Department of Chemistry and Pharmacy, University of Sassari, via F. Muroni 23/A, 07100, Sassari, Italy.
Instituto Universitario de Investigación en Neuroquímica, Departamento de Bioquímica y Biología Molecular, Facultad de Medicina, Universidad Complutense, 28040, Madrid, Spain; Centro de Investigación Biomédica en Red sobre Enfermedades Neurodegenerativas (CIBERNED), Madrid, Spain; Instituto Ramón y Cajal de Investigación Sanitaria (IRYCIS), Madrid, Spain.
Eur J Med Chem. 2017 Feb 15;127:398-412. doi: 10.1016/j.ejmech.2017.01.002. Epub 2017 Jan 4.

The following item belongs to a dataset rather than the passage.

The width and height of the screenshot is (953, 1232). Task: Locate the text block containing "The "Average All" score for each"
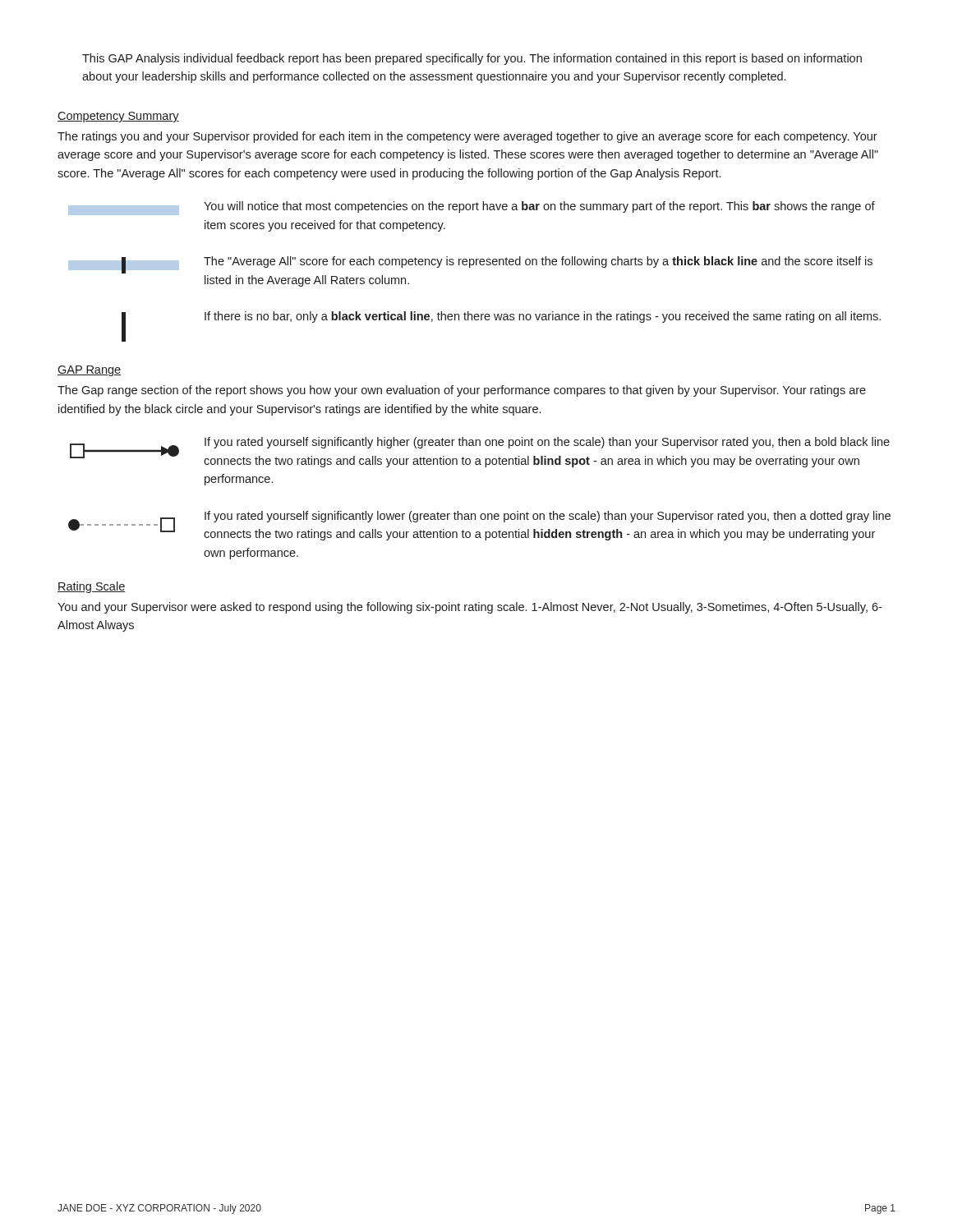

In the last few years, cannabinoid type-2 receptor (CBR) selective ligands have shown a great potential as novel therapeutic drugs in several diseases. With the aim of discovering new selective cannabinoid ligands, a series of pyridazinone-4-carboxamides was designed and synthesized, and the new derivatives tested for their affinity toward the hCBR and hCBR. The 6-(4-chloro-3-methylphenyl)-2-(4-fluorobenzyl)-N-(cis-4-methylcyclohexyl)-3-oxo-2,3-dihydropyridazine-4-carboxamide (9) displayed high CB-affinity (KCB = 2.0 ± 0.81 nM) and a notable selectivity (KCB/KCB > 2000). In addition, 9 and other active new synthesized entities have demonstrated to behave as CBR inverse agonists in [S]-GTPγS binding assay. ADME predictions of the newly synthesized CBR ligands suggest a favourable pharmacokinetic profile. Docking studies disclosed the specific pattern of interactions of these derivatives. Our results support that pyridazinone-4-carboxamides represent a new promising scaffold for the development of potent and selective CBR ligands.
在过去的几年中,大麻素类型 2 受体 (CBR) 选择性配体已显示出作为几种疾病的新型治疗药物的巨大潜力。为了发现新的选择性大麻素配体,设计并合成了一系列哒嗪酮-4-甲酰胺,并测试了新衍生物对 hCBR 和 hCBR 的亲和力。6-(4-氯-3-甲基苯基)-2-(4-氟苄基)-N-(顺式-4-甲基环己基)-3-氧代-2,3-二氢哒嗪-4-甲酰胺(9)表现出高 CB 亲和力(KCB=2.0±0.81nM)和显著的选择性(KCB/KCB>2000)。此外,9 和其他活性新合成的实体已被证明在[S]-GTPγS 结合测定中表现为 CBR 反向激动剂。新合成的 CBR 配体的 ADME 预测表明其具有良好的药代动力学特性。对接研究揭示了这些衍生物的特定相互作用模式。我们的结果支持哒嗪酮-4-甲酰胺代表了开发有效且选择性 CBR 配体的新有前途的支架。